Collection entries
########################################

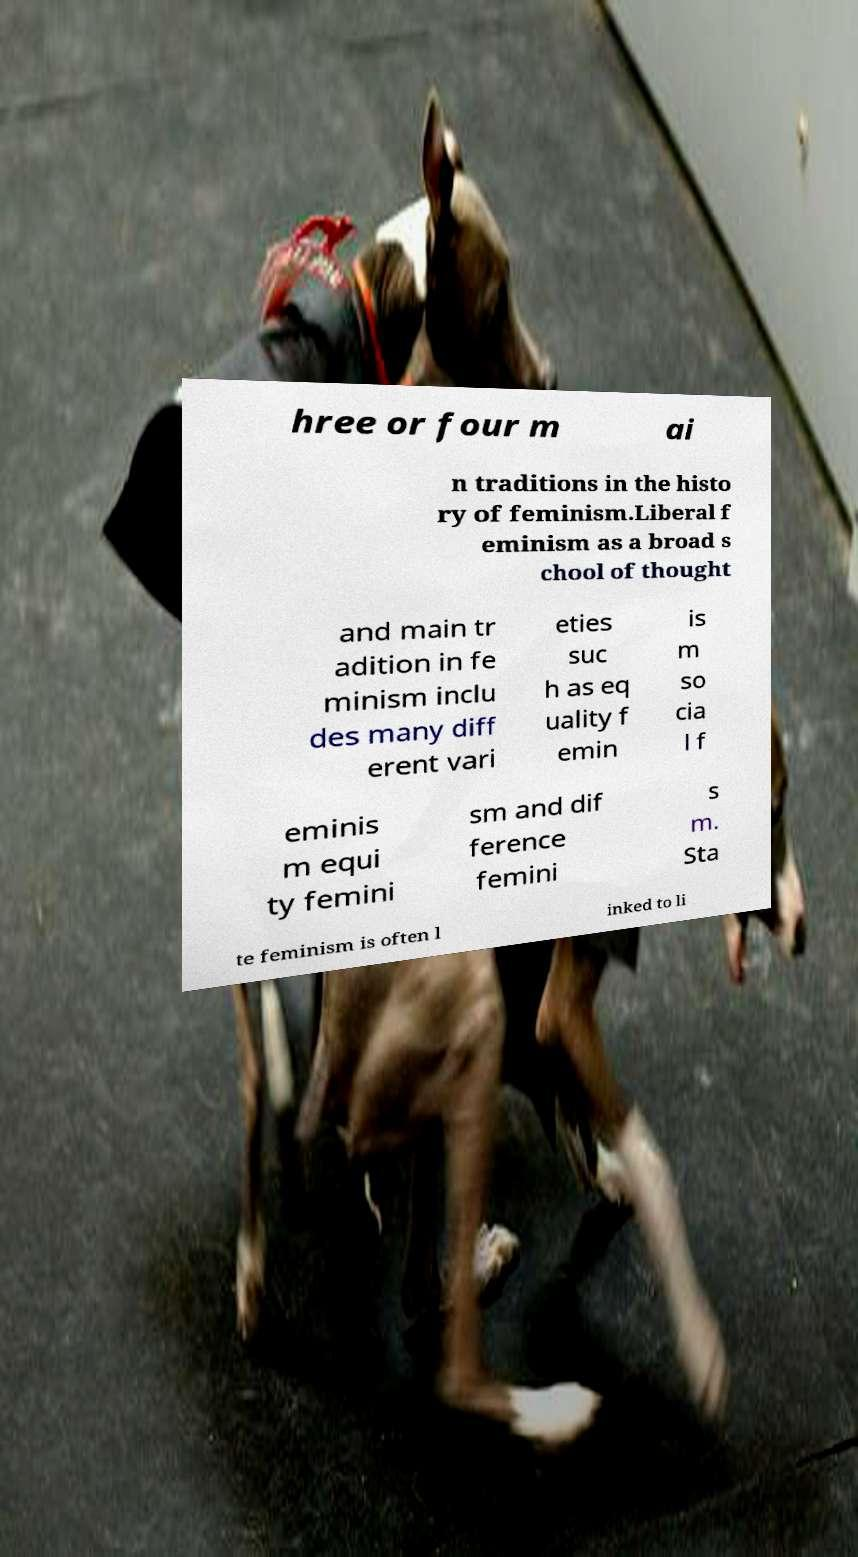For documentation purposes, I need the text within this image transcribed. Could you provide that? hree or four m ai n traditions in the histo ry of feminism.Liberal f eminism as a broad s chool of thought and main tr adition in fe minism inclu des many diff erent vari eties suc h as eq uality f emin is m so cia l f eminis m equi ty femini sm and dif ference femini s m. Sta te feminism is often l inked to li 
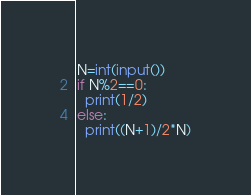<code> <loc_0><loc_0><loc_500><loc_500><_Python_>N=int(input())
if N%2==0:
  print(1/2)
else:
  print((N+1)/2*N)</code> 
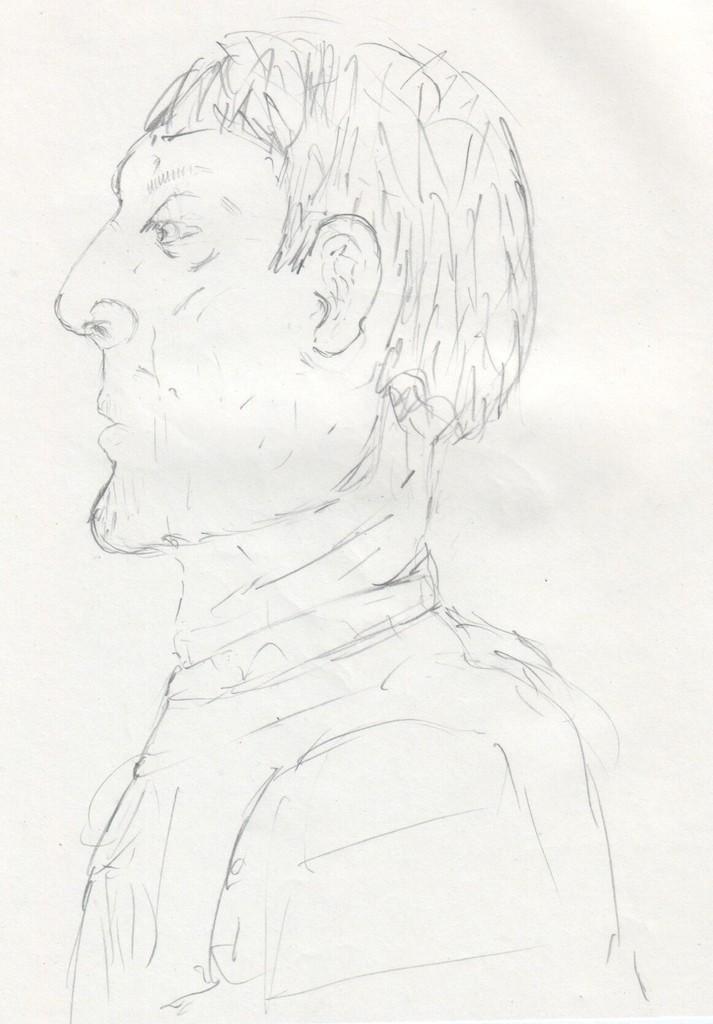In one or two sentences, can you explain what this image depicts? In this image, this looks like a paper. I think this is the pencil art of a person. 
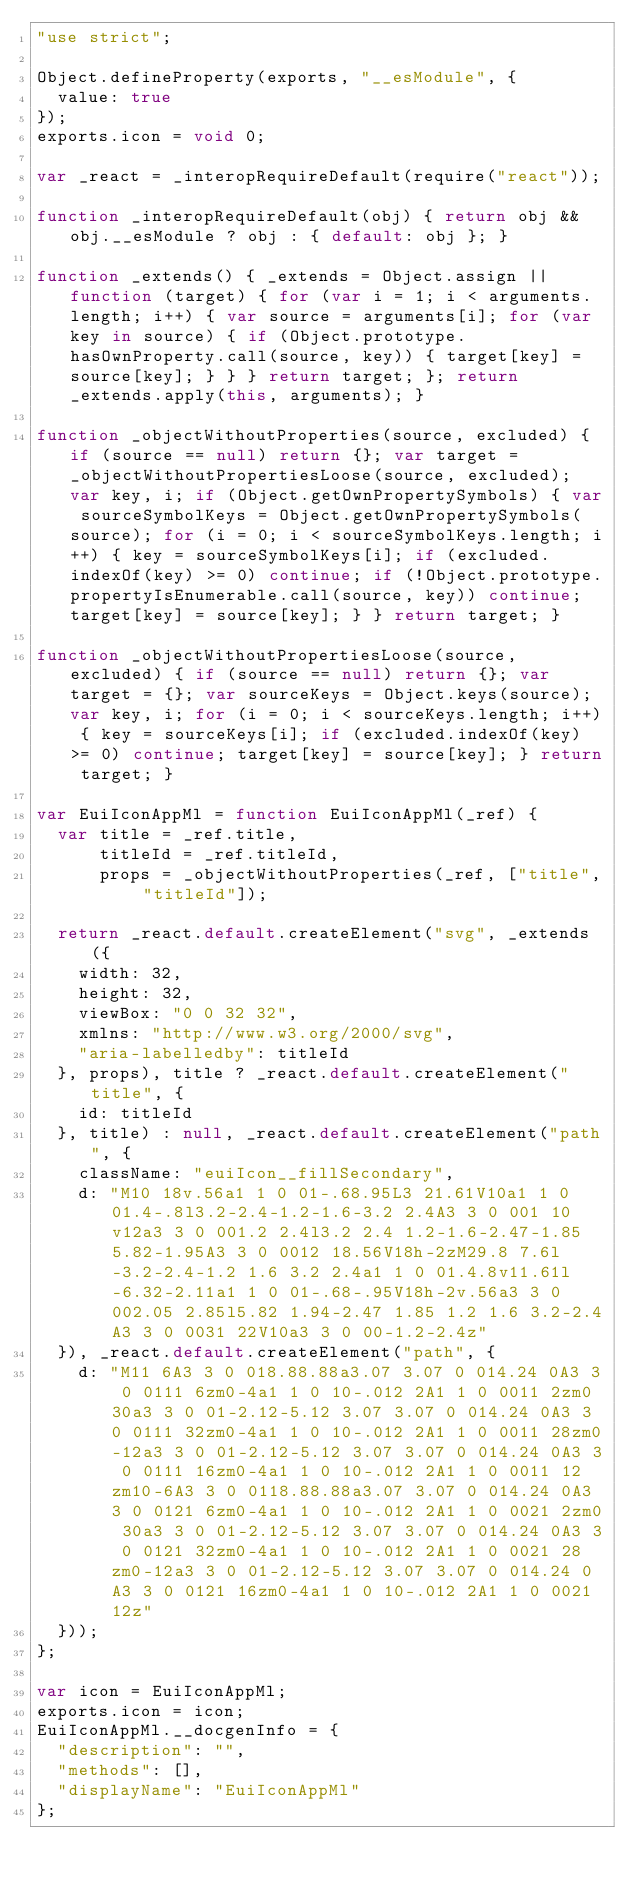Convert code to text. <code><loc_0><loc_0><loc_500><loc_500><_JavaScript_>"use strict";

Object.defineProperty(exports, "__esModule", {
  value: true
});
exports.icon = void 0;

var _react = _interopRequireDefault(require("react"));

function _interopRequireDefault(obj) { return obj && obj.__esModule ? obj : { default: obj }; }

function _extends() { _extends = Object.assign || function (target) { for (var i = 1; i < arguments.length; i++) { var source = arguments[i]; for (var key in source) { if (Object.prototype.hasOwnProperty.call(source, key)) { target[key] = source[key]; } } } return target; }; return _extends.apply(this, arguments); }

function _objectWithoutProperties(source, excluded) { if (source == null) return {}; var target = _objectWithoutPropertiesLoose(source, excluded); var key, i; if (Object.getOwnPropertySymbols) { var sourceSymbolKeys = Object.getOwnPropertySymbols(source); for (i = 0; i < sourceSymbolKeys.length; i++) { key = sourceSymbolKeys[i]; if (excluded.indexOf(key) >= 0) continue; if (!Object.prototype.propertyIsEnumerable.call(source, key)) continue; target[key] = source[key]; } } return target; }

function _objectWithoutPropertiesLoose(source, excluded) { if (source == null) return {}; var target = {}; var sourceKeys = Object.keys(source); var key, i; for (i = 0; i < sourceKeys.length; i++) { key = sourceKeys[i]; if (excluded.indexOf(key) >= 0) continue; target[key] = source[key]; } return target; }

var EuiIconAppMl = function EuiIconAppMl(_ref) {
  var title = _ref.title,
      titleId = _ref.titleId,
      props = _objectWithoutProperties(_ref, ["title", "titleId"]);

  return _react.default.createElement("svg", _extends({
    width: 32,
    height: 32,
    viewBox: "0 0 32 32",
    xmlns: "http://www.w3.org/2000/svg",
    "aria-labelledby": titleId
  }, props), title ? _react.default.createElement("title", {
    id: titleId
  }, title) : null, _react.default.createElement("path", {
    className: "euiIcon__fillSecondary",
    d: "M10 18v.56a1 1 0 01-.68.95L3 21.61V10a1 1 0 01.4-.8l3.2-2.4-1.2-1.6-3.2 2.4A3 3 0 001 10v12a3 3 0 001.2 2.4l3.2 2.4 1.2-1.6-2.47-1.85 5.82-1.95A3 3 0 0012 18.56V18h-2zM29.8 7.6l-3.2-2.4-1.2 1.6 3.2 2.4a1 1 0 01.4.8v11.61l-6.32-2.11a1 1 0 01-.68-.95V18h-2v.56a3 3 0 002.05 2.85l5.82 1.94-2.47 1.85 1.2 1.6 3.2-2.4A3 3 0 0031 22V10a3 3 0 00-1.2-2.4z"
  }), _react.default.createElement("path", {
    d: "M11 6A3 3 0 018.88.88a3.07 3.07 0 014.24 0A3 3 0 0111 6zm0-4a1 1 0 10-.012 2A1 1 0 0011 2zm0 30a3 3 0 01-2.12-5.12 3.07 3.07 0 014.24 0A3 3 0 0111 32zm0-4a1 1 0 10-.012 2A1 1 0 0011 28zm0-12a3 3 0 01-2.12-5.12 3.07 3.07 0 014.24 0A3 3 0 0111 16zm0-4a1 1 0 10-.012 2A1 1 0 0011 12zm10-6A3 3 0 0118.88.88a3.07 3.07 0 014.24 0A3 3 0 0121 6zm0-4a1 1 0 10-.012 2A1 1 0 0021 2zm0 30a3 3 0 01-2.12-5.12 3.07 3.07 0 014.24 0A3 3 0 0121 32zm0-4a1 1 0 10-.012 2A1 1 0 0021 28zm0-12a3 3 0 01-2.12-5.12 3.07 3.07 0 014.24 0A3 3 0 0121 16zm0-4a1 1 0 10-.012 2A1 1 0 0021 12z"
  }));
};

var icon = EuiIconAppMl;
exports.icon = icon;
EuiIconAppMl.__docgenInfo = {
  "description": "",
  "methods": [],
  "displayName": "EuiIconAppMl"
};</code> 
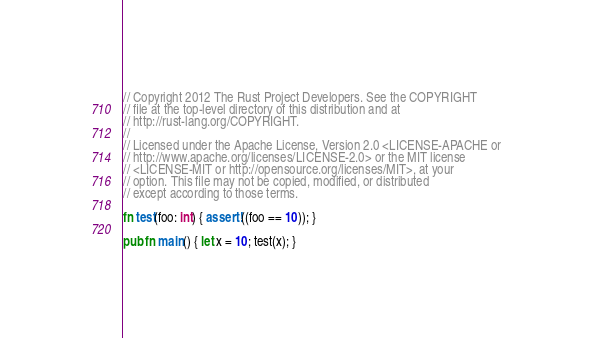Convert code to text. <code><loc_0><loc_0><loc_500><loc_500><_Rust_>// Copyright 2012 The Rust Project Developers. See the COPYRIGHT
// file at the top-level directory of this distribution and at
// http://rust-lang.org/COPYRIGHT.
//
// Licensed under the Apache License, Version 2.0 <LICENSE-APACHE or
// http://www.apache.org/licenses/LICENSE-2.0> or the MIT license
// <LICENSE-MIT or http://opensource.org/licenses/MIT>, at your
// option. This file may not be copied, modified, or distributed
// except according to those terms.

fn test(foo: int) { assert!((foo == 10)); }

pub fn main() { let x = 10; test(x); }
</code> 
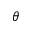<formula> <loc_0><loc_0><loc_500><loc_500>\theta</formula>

########################################

_Task brief_:
The records above need to be given again exactly. Omit the pictures.

_Task response_:
For documentation purposes, I need the text within this image transcribed. Could you provide that? hree or four m ai n traditions in the histo ry of feminism.Liberal f eminism as a broad s chool of thought and main tr adition in fe minism inclu des many diff erent vari eties suc h as eq uality f emin is m so cia l f eminis m equi ty femini sm and dif ference femini s m. Sta te feminism is often l inked to li 
<code> <loc_0><loc_0><loc_500><loc_500><_Python_>N=int(input())
if N%2==0:
  print(1/2)
else:
  print((N+1)/2*N)</code> 
In one or two sentences, can you explain what this image depicts? In this image, this looks like a paper. I think this is the pencil art of a person. 
Convert code to text. <code><loc_0><loc_0><loc_500><loc_500><_JavaScript_>"use strict";

Object.defineProperty(exports, "__esModule", {
  value: true
});
exports.icon = void 0;

var _react = _interopRequireDefault(require("react"));

function _interopRequireDefault(obj) { return obj && obj.__esModule ? obj : { default: obj }; }

function _extends() { _extends = Object.assign || function (target) { for (var i = 1; i < arguments.length; i++) { var source = arguments[i]; for (var key in source) { if (Object.prototype.hasOwnProperty.call(source, key)) { target[key] = source[key]; } } } return target; }; return _extends.apply(this, arguments); }

function _objectWithoutProperties(source, excluded) { if (source == null) return {}; var target = _objectWithoutPropertiesLoose(source, excluded); var key, i; if (Object.getOwnPropertySymbols) { var sourceSymbolKeys = Object.getOwnPropertySymbols(source); for (i = 0; i < sourceSymbolKeys.length; i++) { key = sourceSymbolKeys[i]; if (excluded.indexOf(key) >= 0) continue; if (!Object.prototype.propertyIsEnumerable.call(source, key)) continue; target[key] = source[key]; } } return target; }

function _objectWithoutPropertiesLoose(source, excluded) { if (source == null) return {}; var target = {}; var sourceKeys = Object.keys(source); var key, i; for (i = 0; i < sourceKeys.length; i++) { key = sourceKeys[i]; if (excluded.indexOf(key) >= 0) continue; target[key] = source[key]; } return target; }

var EuiIconAppMl = function EuiIconAppMl(_ref) {
  var title = _ref.title,
      titleId = _ref.titleId,
      props = _objectWithoutProperties(_ref, ["title", "titleId"]);

  return _react.default.createElement("svg", _extends({
    width: 32,
    height: 32,
    viewBox: "0 0 32 32",
    xmlns: "http://www.w3.org/2000/svg",
    "aria-labelledby": titleId
  }, props), title ? _react.default.createElement("title", {
    id: titleId
  }, title) : null, _react.default.createElement("path", {
    className: "euiIcon__fillSecondary",
    d: "M10 18v.56a1 1 0 01-.68.95L3 21.61V10a1 1 0 01.4-.8l3.2-2.4-1.2-1.6-3.2 2.4A3 3 0 001 10v12a3 3 0 001.2 2.4l3.2 2.4 1.2-1.6-2.47-1.85 5.82-1.95A3 3 0 0012 18.56V18h-2zM29.8 7.6l-3.2-2.4-1.2 1.6 3.2 2.4a1 1 0 01.4.8v11.61l-6.32-2.11a1 1 0 01-.68-.95V18h-2v.56a3 3 0 002.05 2.85l5.82 1.94-2.47 1.85 1.2 1.6 3.2-2.4A3 3 0 0031 22V10a3 3 0 00-1.2-2.4z"
  }), _react.default.createElement("path", {
    d: "M11 6A3 3 0 018.88.88a3.07 3.07 0 014.24 0A3 3 0 0111 6zm0-4a1 1 0 10-.012 2A1 1 0 0011 2zm0 30a3 3 0 01-2.12-5.12 3.07 3.07 0 014.24 0A3 3 0 0111 32zm0-4a1 1 0 10-.012 2A1 1 0 0011 28zm0-12a3 3 0 01-2.12-5.12 3.07 3.07 0 014.24 0A3 3 0 0111 16zm0-4a1 1 0 10-.012 2A1 1 0 0011 12zm10-6A3 3 0 0118.88.88a3.07 3.07 0 014.24 0A3 3 0 0121 6zm0-4a1 1 0 10-.012 2A1 1 0 0021 2zm0 30a3 3 0 01-2.12-5.12 3.07 3.07 0 014.24 0A3 3 0 0121 32zm0-4a1 1 0 10-.012 2A1 1 0 0021 28zm0-12a3 3 0 01-2.12-5.12 3.07 3.07 0 014.24 0A3 3 0 0121 16zm0-4a1 1 0 10-.012 2A1 1 0 0021 12z"
  }));
};

var icon = EuiIconAppMl;
exports.icon = icon;
EuiIconAppMl.__docgenInfo = {
  "description": "",
  "methods": [],
  "displayName": "EuiIconAppMl"
};</code> 
Convert code to text. <code><loc_0><loc_0><loc_500><loc_500><_Rust_>// Copyright 2012 The Rust Project Developers. See the COPYRIGHT
// file at the top-level directory of this distribution and at
// http://rust-lang.org/COPYRIGHT.
//
// Licensed under the Apache License, Version 2.0 <LICENSE-APACHE or
// http://www.apache.org/licenses/LICENSE-2.0> or the MIT license
// <LICENSE-MIT or http://opensource.org/licenses/MIT>, at your
// option. This file may not be copied, modified, or distributed
// except according to those terms.

fn test(foo: int) { assert!((foo == 10)); }

pub fn main() { let x = 10; test(x); }
</code> 
<formula> <loc_0><loc_0><loc_500><loc_500>\theta</formula>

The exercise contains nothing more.